Four days later, a Sunday, Anna and Robin were enjoying the afternoon in each other's company. Anna mentally noted how long it had been since they had acted like mother and daughter, marvelled at the fact that they could now spend time together just chatting and laughing, doing something so trivial as window shopping. Anna had made Robin blush by dragging her into a lingerie shop, and Robin had made Anna blush by pointing out a black slip very much like one she remembered seeing carelessly cast to the floor of Anna's bedroom (along with a man's white dress shirt) the morning after a particularly significant Valentine's Day. "I'm not much for slips and stockings anymore," Anna confessed, laughing. "Dress pants and sensible shoes. No fancy gowns or get-ups for me."
Robin then pointed to an obscene baby-doll nightie in a complicated tartan. "I wonder if this is the clan Lavery tartan? Should you buy it and ask Uncle Duke?"
Anna frowned. "I wouldn't be caught dead in something as repulsive as that."
Robin laughed, put her arm through Anna's, and led her out of the store. "Mom, I think it's time for tea and a serious conversation."
Twenty minutes later, at a corner table in a cafe they'd discovered years before and which had quickly become a favourite, Anna was pouring tea for the two of them from an exquisite porcelain pot. Steam rose from their delicate cups; Anna leaned over, closed her eyes, and breathed in the fragrance. She opened her eyes again. "I'm in heaven."
Robin snorted. "All it takes is tea?"
Anna smiled. "And the company of my beloved daughter."
Robin pulled in her chin and smirked. "You might not think so warmly of me once I start asking you what I want to."
The corners of Anna's mouth fell. "Oh dear. This sounds serious."
Robin propped her elbows on the table knowing it would slightly irk her mother. "So, what's going on with you and Duke? Patrick and I have noticed that we barely see you together. I thought you two were trying to work things out?"
Anna sighed. "Circumstances seem to be conspiring against us. Every time we try to meet for dinner or drinks or coffee or anything something comes up. He's very busy organizing the opening of this new club."
Robin squinted. "And how does that make you feel?"
Anna cocked her head to the side and raised an eyebrow. "I didn't think you were that kind of doctor." Robin raised her eyebrows in response and waited for an answer. Anna sighed. "Honestly? Irritated. Abandoned.

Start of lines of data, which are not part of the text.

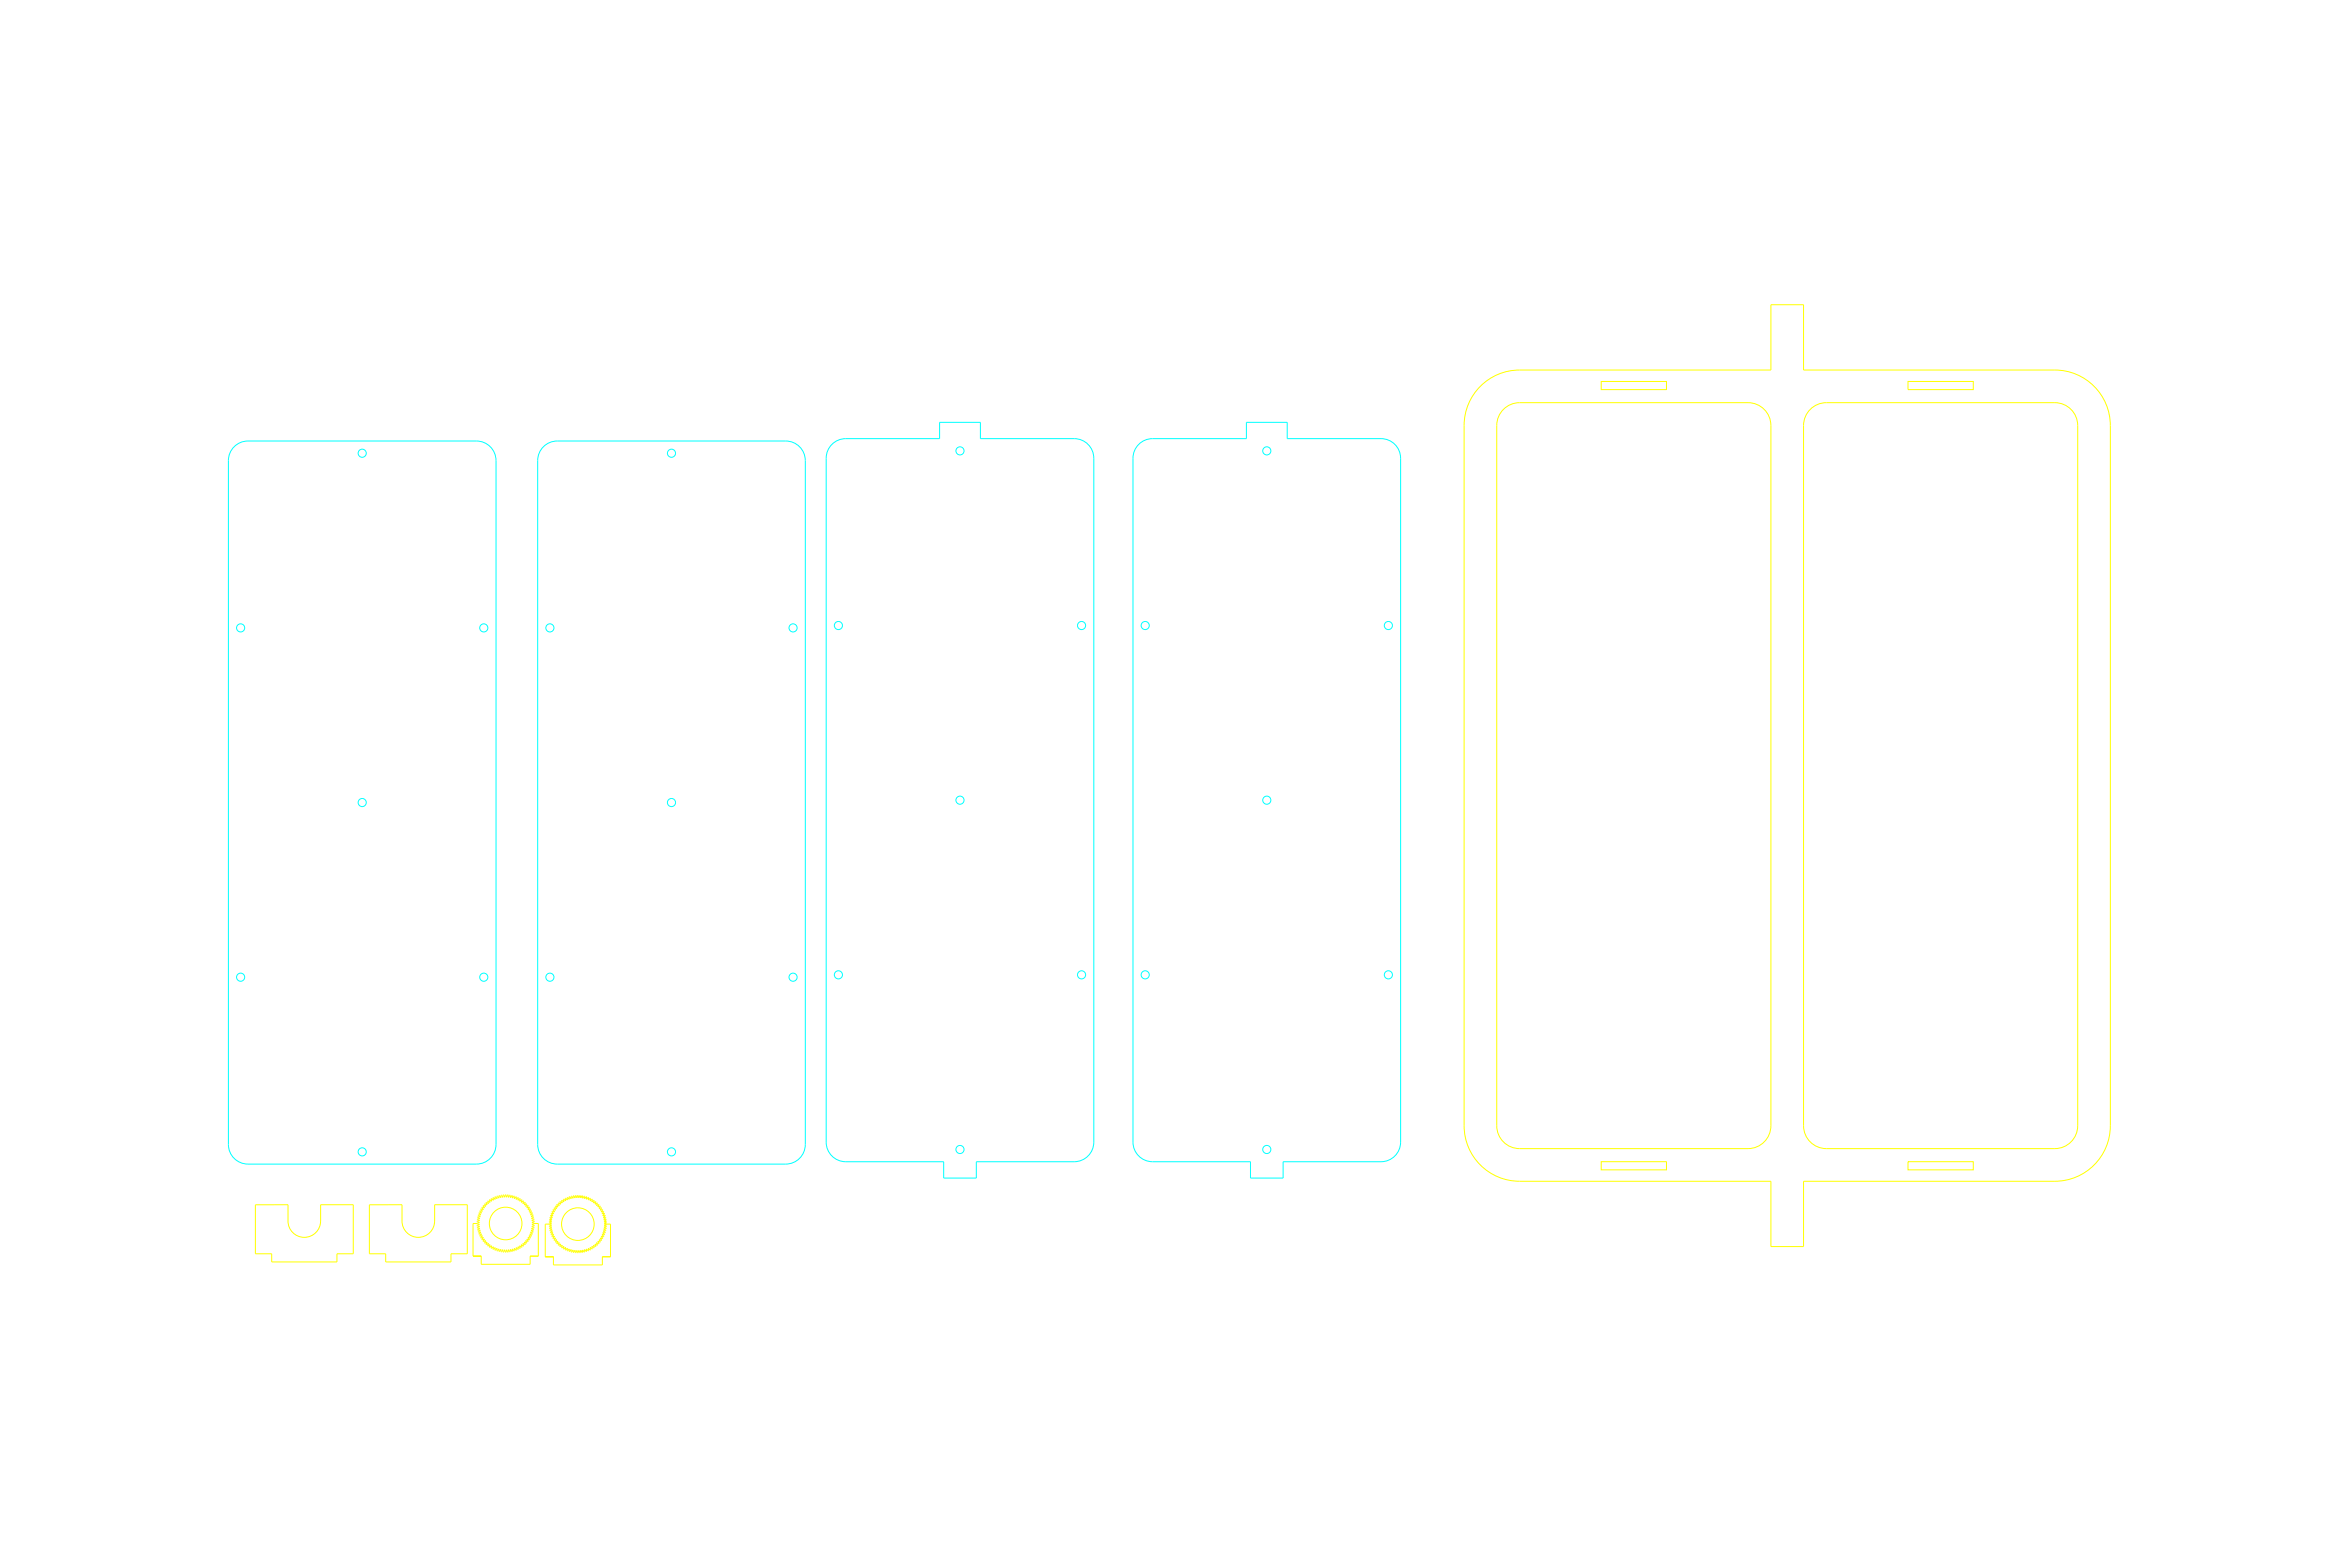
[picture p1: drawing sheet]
<svg xmlns="http://www.w3.org/2000/svg" width="914mm" height="610mm" viewBox="0 0 914 610" stroke-linecap="round" stroke-linejoin="round" font-family="sans-serif">
<!-- layer: ACRYLIC -->
<g fill="none" stroke="#0ff" stroke-width=".39">
<path d="M90.7 174.2a7.6 7.6 0 0 1 5.8-2.6h88.9a7.6 7.6 0 0 1 7.6 7.6v266a7.6 7.6 0 0 1-7.6 7.7h-88.9a7.6 7.6 0 0 1-7.6-7.7v-266a7.6 7.6 0 0 1 1.8-5zM211.8 173.4a7.6 7.6 0 0 1 5-1.8h88.9a7.6 7.6 0 0 1 7.7 7.6l-.1 266a7.6 7.6 0 0 1-7.6 7.7h-88.9a7.6 7.6 0 0 1-7.6-7.7v-266a7.6 7.6 0 0 1 2.6-5.8zM321.5 178.3v266a7.6 7.6 0 0 0 7.6 7.6h38.1v6.4h12.7v-6.4h38.1a7.6 7.6 0 0 0 7.6-7.6v-266M321.5 178.3a7.6 7.6 0 0 1 7.6-7.7h36.5v-6.3h15.9v6.3h36.5a7.6 7.6 0 0 1 7.6 7.7M440.9 178.3a7.6 7.6 0 0 1 7.6-7.7h36.5v-6.3h15.9v6.3h36.5a7.6 7.6 0 0 1 7.6 7.7M440.9 178.3v266a7.6 7.6 0 0 0 7.6 7.6h38.1v6.4h12.7v-6.4h38.1a7.6 7.6 0 0 0 7.6-7.6M545 178.3v266"/>
<circle cx="140.9" cy="176.3" r="1.58"/>
<circle cx="261.3" cy="176.3" r="1.58"/>
<circle cx="373.5" cy="175.4" r="1.58"/>
<circle cx="492.9" cy="175.4" r="1.58"/>
<circle cx="93.6" cy="244.3" r="1.58"/>
<circle cx="188.2" cy="244.3" r="1.58"/>
<circle cx="214" cy="244.3" r="1.58"/>
<circle cx="308.6" cy="244.3" r="1.58"/>
<circle cx="326.2" cy="243.3" r="1.58"/>
<circle cx="420.8" cy="243.3" r="1.58"/>
<circle cx="445.6" cy="243.3" r="1.58"/>
<circle cx="540.2" cy="243.3" r="1.58"/>
<circle cx="140.9" cy="312.2" r="1.58"/>
<circle cx="261.3" cy="312.2" r="1.58"/>
<circle cx="373.5" cy="311.3" r="1.58"/>
<circle cx="492.9" cy="311.3" r="1.58"/>
<circle cx="326.2" cy="379.2" r="1.58"/>
<circle cx="420.8" cy="379.2" r="1.58"/>
<circle cx="445.6" cy="379.2" r="1.58"/>
<circle cx="540.2" cy="379.2" r="1.58"/>
<circle cx="93.6" cy="380.2" r="1.58"/>
<circle cx="188.2" cy="380.2" r="1.58"/>
<circle cx="214" cy="380.2" r="1.58"/>
<circle cx="308.6" cy="380.2" r="1.58"/>
<circle cx="140.9" cy="448.1" r="1.58"/>
<circle cx="261.3" cy="448.1" r="1.58"/>
<circle cx="373.5" cy="447.2" r="1.58"/>
<circle cx="492.9" cy="447.2" r="1.58"/>
</g>
<!-- layer: WOOD -->
<g fill="none" stroke="#ff0" stroke-width=".39">
<path d="M575.4 150.9a21.5 21.5 0 0 1 15.9-6.9h97.8v-25.4h12.7v25.4h97.8a21.6 21.6 0 0 1 21.6 21.5l-.1 272.5a21.6 21.6 0 0 1-21.5 21.5h-97.8v25.4h-12.7v-25.4h-97.8a21.6 21.6 0 0 1-21.6-21.5v-272.5a21.5 21.5 0 0 1 5.7-14.6zM623 148.4h25.4v3.2h-25.4zM742.4 148.4h25.4v3.2h-25.4zM591.3 446.8a8.9 8.9 0 0 1-8.9-8.8v-272.5a8.9 8.9 0 0 1 8.9-8.8h88.9a8.9 8.9 0 0 1 8.9 8.8v272.5a8.9 8.9 0 0 1-8.9 8.8M591.3 446.8h88.9M623 451.9h25.4v3.2h-25.4zM710.7 446.8a8.9 8.9 0 0 1-8.9-8.8v-272.5a8.9 8.9 0 0 1 8.9-8.8h88.9a8.9 8.9 0 0 1 8.9 8.8l-.1 272.5a8.9 8.9 0 0 1-8.8 8.8M710.7 446.8h88.9M742.4 451.9h25.4v3.2h-25.4zM124.7 475a6.3 6.3 0 0 1-6.3 6.4 6.3 6.3 0 0 1-6.3-6.4v-6.3h-12.7v19.1h6.3v3.1h25.4v-3.1h6.4v-19.1h-12.7v6.3M169.1 475a6.3 6.3 0 0 1-6.3 6.4 6.3 6.3 0 0 1-6.4-6.4v-6.3h-12.7v19.1h6.4v3.1h25.4v-3.1h6.3v-19.1h-12.7v6.3M185.6 476h-1.5v12.7h3.1v3.1h19.1v-3.1h3.2v-12.7h-1.6"/>
<path d="M186.2 472.6v.2l.7 .5-1 .1 .8 .7-.9 .3 .8 .4-.9 .3 .8 .5-.9 .4 .9 .4-.8 .4 .9 .3-.8 .4 .9 .4-.8 .5 1 .2-.7 .7M186.2 479.3h.9l-.7 .7 1 .1-.6 .7 .9-.1-.6 .8 1-.1-.5 .8 .9-.2-.4 .9 .9-.3-.4 .9 .9-.3-.3 .9 .9-.4-.3 .8 .2 .2M192.1 466l-.2 .1 .1 .8-.9-.5 .2 .9-.8-.5 .2 .9-.9-.4 .3 .9-.9-.4 .3 .9-.9-.3 .4 .9-.9-.3 .4 .9-.9-.2 .5 .8-1-.1 .6 .8-.9-.1 .6 .8-1-.1 .7 .8h-.9M194.2 465.2l-.1 .9-.7-.7v.9l-.8-.6 .1 .9-.6-.6M195 465.1l-.1 .8-.5-.7h-.2M195 465.1l.2-.1 .4 .8 .3-.9 .5 .9 .4-1 .3 1 .5-.9 .3 .9 .4-.8 .4 .9 .4-.7h.2M199.3 465.2l.1 .9 .6-.8 .1 1 .6-.7 .1 1 .7-.7v1l.7-.6 .2 .2M202.4 466.5l-.2 .8 .9-.5-.3 .9 .8-.4M203.5 467.3l.2 .1-.3 .8 1-.3-.4 .8 .9-.3-.4 .9 1-.3-.5 .9 .9-.2-.5 .8 1-.1-.6 .8 .9-.1-.6 .8 1 .1-.7 .6h.9v.2M207.3 479.1v.2h-.9l.7 .7-1 .1 .6 .7-.9-.1 .6 .8-1-.1 .5 .8-.9-.2 .5 .9-1-.3 .4 .9-.9-.3 .4 .9-1-.4 .3 .8-.2 .2M207.4 472.8l-.8 .5 1 .1-.8 .7 1 .2-.9 .5 .9 .3-.8 .5 .9 .4-.9 .4 .8 .4-.9 .3 .8 .4-.9 .4 .8 .5-1 .2 .8 .5M213.7 476.2h-1.5v12.7h3.1v3.2h19.1v-3.2h3.2v-12.7h-1.6"/>
<path d="M214.1 478.5v.3l.9 .1-.7 .6 .9 .1-.7 .7h1l-.7 .7h1l-.6 .8 1-.2-.6 .9 1-.2-.5 .7 .2 .2M216.3 469.2l-.2 .2 .5 .7-1-.1 .6 .8-1-.2 .6 .8h-1l.7 .7h-1l.7 .7-1 .1 .8 .7-1 .1 .8 .6-1 .3 .9 .5-.9 .3 .8 .4-.9 .4 .9 .4-.8 .4 .9 .4-.8 .4 .9 .3-.7 .5M218.5 467.2l.3 .8-.9-.4 .3 .9-1-.4 .4 .9-.9-.4 .4 .9-.8-.3M218.7 467l-.2 .2M218.7 467l.7 .6v-1l.7 .6v-1l.7 .6v-.9l.7 .7 .1-1 .6 .7 .2-.9 .6 .8 .1-1 .6 .9 .4-1 .4 .9 .4-.9 .3 .9 .5-.9 .3 1 .5-.9 .3 1 .4-.8 .3 .9 .7-.7v1l.7-.7v.9l.8-.6-.1 1 .8-.6-.1 1 .8-.6-.2 1 .9-.5-.3 1 .8-.5-.2 1 .9-.2M233 468.8l-.4 .7 1-.2-.5 .8 1-.1-.6 .8 1-.2-.6 .8h1l-.7 .7h1l-.7 .7 1 .1-.8 .7 1 .1-.8 .6 1 .3-.9 .5 .9 .3-.8 .4 .9 .4-.9 .4 .8 .4-.9 .4 .8 .4-.9 .3 .8 .5M235.6 478.5v.3l-.9 .1 .7 .6-.9 .1 .7 .7h-1l.7 .7h-1l.6 .8-1-.2 .5 .9-.9-.2 .4 .9-.9-.3 .4 .7M190 484.7l.7-.5-.3 .8 .2 .2M190.6 485.2l.7-.6-.2 1 .9-.6-.1 .9 .2 .1M192.1 486l.6-.7v1l.7-.7v1l.7-.8 .1 1 .7-.8 .1 .9M195 486.9h.2l.4-.8 .4 .9 .4-.8 .2 .8M196.6 487h.3"/>
<path d="M202.4 485.5l-.2 .1-.7-.6v1l-.7-.7v1l-.7-.7-.1 1-.6-.8-.2 1-.5-.8-.3 1-.5-.9-.4 .9-.4-.8-.2 .8M202.9 485.2l-.7-.6 .2 .9M203.6 484.7l-.8-.5 .3 .8-.2 .2M216.3 483.2l.8-.3-.4 .7 .1 .2M216.8 483.8l.8-.4-.4 .9 1-.3-.3 .8 .9-.4-.3 .9M218.5 485.3l.2 .1M218.7 485.4l.7-.5-.1 .9 .8-.6-.1 1 .8-.6-.1 .9 .8-.6v.8M221.5 486.7l.2 .1 .5-.7 .2 1 .6-.9 .1 .9M223.1 487.1h.2l.4-.7 .3 .9 .5-.9 .4 .9 .3-.9 .4 .9 .4-.9 .4 .7h.2M228.2 486.7l-.2 .1-.5-.7-.3 1-.4-.9-.2 .9M231.2 485.3l-.2 .1-.7-.5v1l-.7-.7 .1 1-.8-.6v1l-.7-.7v.8M232.9 483.8l-.8-.4 .4 .9-1-.3 .3 .8-.9-.4 .3 .9"/>
<path d="M233 483.6l-.1 .2"/>
<circle cx="196.8" cy="476" r="6.3"/>
<circle cx="224.9" cy="476.2" r="6.3"/>
</g>
</svg>

Neglected." She paused, thought, and decided to be honest. "And also strangely relieved. It's not easy resurrecting a relationship. We're still quite awkward with each other, too polite, too careful. We tiptoe around each other."
Robin nodded her head. "I understand that. Patrick and I felt the same way when I first came home. But the feeling went away pretty quickly. What's the obstacle between you and Duke? What's keeping you from feeling more comfortable together?"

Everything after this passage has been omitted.